Source records:
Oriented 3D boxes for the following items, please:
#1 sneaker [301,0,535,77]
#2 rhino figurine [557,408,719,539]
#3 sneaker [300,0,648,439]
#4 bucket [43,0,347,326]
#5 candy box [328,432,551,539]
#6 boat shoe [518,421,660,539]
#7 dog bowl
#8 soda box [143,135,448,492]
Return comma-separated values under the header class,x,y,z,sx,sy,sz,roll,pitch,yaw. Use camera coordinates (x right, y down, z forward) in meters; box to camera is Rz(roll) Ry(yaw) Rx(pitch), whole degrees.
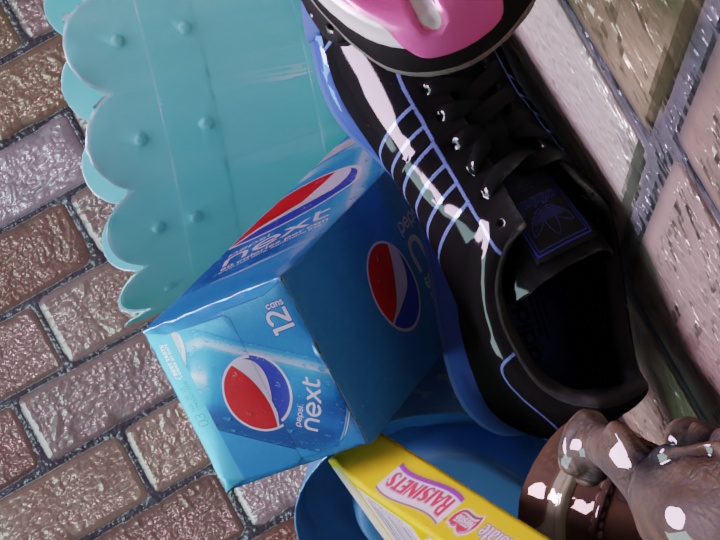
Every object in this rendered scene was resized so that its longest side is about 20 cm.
class,x,y,z,sx,sy,sz,roll,pitch,yaw
sneaker,0.014,-0.096,0.633,0.088,0.073,0.200,64,-179,-33
rhino figurine,0.136,0.123,0.670,0.201,0.060,0.087,60,163,-16
sneaker,0.045,-0.037,0.780,0.078,0.070,0.201,-11,103,64
bucket,-0.070,-0.086,1.062,0.207,0.134,0.209,166,90,-83
candy box,0.060,0.116,0.728,0.102,0.026,0.200,53,169,-23
boat shoe,0.127,0.129,0.776,0.075,0.075,0.202,14,157,43
dog bowl,0.062,0.097,0.893,0.200,0.111,0.050,33,-146,-30
soda box,0.000,0.000,0.845,0.068,0.064,0.200,62,-150,-12
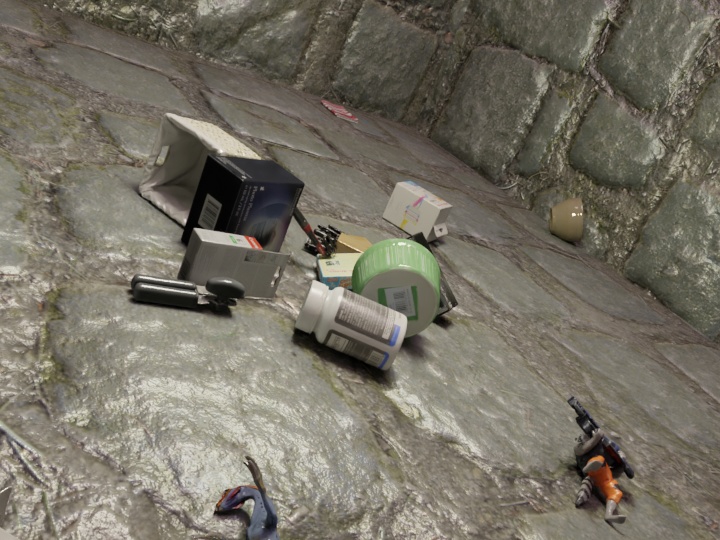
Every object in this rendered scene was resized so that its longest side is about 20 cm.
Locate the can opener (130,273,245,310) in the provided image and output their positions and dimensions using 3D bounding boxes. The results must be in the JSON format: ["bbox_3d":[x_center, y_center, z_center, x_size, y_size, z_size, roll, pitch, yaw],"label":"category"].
[{"bbox_3d":[-0.307,0.032,1.207,0.196,0.068,0.053,6,28,-31],"label":"can opener"}]

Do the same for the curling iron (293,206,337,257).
[{"bbox_3d":[-0.122,-0.109,1.553,0.200,0.025,0.050,49,58,-20],"label":"curling iron"}]

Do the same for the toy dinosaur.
[{"bbox_3d":[-0.121,0.324,0.771,0.203,0.103,0.182,61,3,-10],"label":"toy dinosaur"}]

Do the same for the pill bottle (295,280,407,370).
[{"bbox_3d":[-0.019,0.102,1.295,0.196,0.116,0.114,24,21,-6],"label":"pill bottle"}]

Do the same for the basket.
[{"bbox_3d":[-0.365,-0.221,1.543,0.198,0.201,0.160,33,18,22],"label":"basket"}]

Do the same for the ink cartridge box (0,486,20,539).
[{"bbox_3d":[-0.330,0.277,0.523,0.066,0.119,0.200,28,22,6],"label":"ink cartridge box"}]

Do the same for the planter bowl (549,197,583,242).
[{"bbox_3d":[0.939,-0.232,3.105,0.131,0.205,0.201,0,18,10],"label":"planter bowl"}]

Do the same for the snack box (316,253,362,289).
[{"bbox_3d":[0.000,0.000,1.574,0.195,0.038,0.117,-1,27,-11],"label":"snack box"}]

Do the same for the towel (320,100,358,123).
[{"bbox_3d":[-0.107,-0.815,3.464,0.142,0.023,0.200,9,27,-36],"label":"towel"}]

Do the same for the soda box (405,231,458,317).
[{"bbox_3d":[0.159,0.012,1.645,0.203,0.063,0.070,64,28,2],"label":"soda box"}]

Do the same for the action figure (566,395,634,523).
[{"bbox_3d":[0.423,0.346,1.258,0.201,0.104,0.193,52,17,-1],"label":"action figure"}]

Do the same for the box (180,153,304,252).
[{"bbox_3d":[-0.247,-0.126,1.441,0.122,0.203,0.197,35,23,27],"label":"box"}]

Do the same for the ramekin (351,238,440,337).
[{"bbox_3d":[0.077,0.045,1.432,0.196,0.203,0.098,20,28,-12],"label":"ramekin"}]

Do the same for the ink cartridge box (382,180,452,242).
[{"bbox_3d":[0.196,-0.186,2.196,0.198,0.127,0.128,32,22,18],"label":"ink cartridge box"}]

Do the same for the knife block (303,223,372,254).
[{"bbox_3d":[-0.038,-0.040,1.676,0.173,0.065,0.200,5,30,-42],"label":"knife block"}]

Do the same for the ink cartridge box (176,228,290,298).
[{"bbox_3d":[-0.242,-0.010,1.305,0.197,0.111,0.050,7,26,-40],"label":"ink cartridge box"}]
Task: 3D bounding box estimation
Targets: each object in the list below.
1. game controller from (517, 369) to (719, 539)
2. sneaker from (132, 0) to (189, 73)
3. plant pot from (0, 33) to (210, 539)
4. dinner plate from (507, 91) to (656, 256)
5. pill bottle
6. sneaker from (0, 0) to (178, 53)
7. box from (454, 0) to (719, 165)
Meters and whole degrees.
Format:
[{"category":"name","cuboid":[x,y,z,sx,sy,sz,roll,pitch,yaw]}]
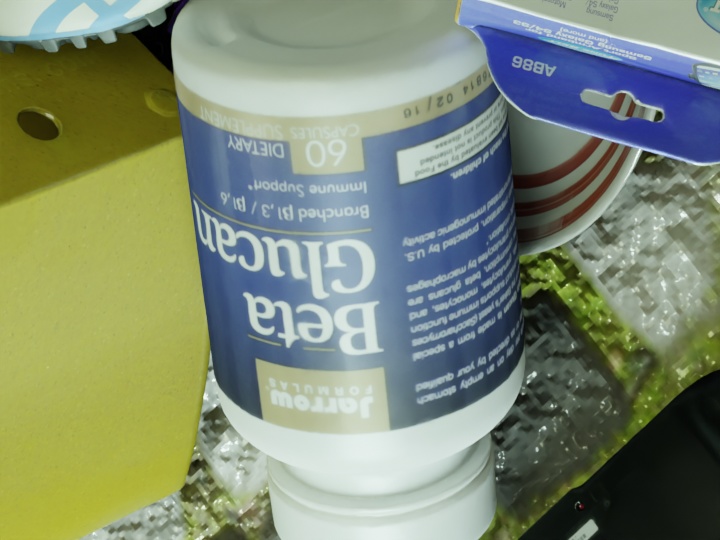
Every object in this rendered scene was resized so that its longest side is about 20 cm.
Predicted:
[{"category":"game controller","cuboid":[0.095,0.127,1.053,0.200,0.042,0.105,-45,56,20]},{"category":"sneaker","cuboid":[-0.093,-0.116,1.113,0.069,0.099,0.201,-1,89,30]},{"category":"plant pot","cuboid":[-0.164,-0.014,1.065,0.200,0.200,0.177,45,132,21]},{"category":"dinner plate","cuboid":[0.046,-0.105,1.050,0.200,0.024,0.201,18,114,49]},{"category":"pill bottle","cuboid":[0.000,0.000,1.027,0.111,0.111,0.201,10,122,28]},{"category":"sneaker","cuboid":[-0.051,-0.136,0.983,0.199,0.072,0.073,-26,118,18]},{"category":"box","cuboid":[0.106,-0.138,0.945,0.119,0.041,0.201,15,78,2]}]

• [PROBLEM DESCRIPTION] The lines running from the start of the data through the one that contains "#8 soda box [143,135,448,492]" should be reproduced exactly, and only those.

• [EXERCISE RESULT]
Oriented 3D boxes for the following items, please:
#1 sneaker [301,0,535,77]
#2 rhino figurine [557,408,719,539]
#3 sneaker [300,0,648,439]
#4 bucket [43,0,347,326]
#5 candy box [328,432,551,539]
#6 boat shoe [518,421,660,539]
#7 dog bowl
#8 soda box [143,135,448,492]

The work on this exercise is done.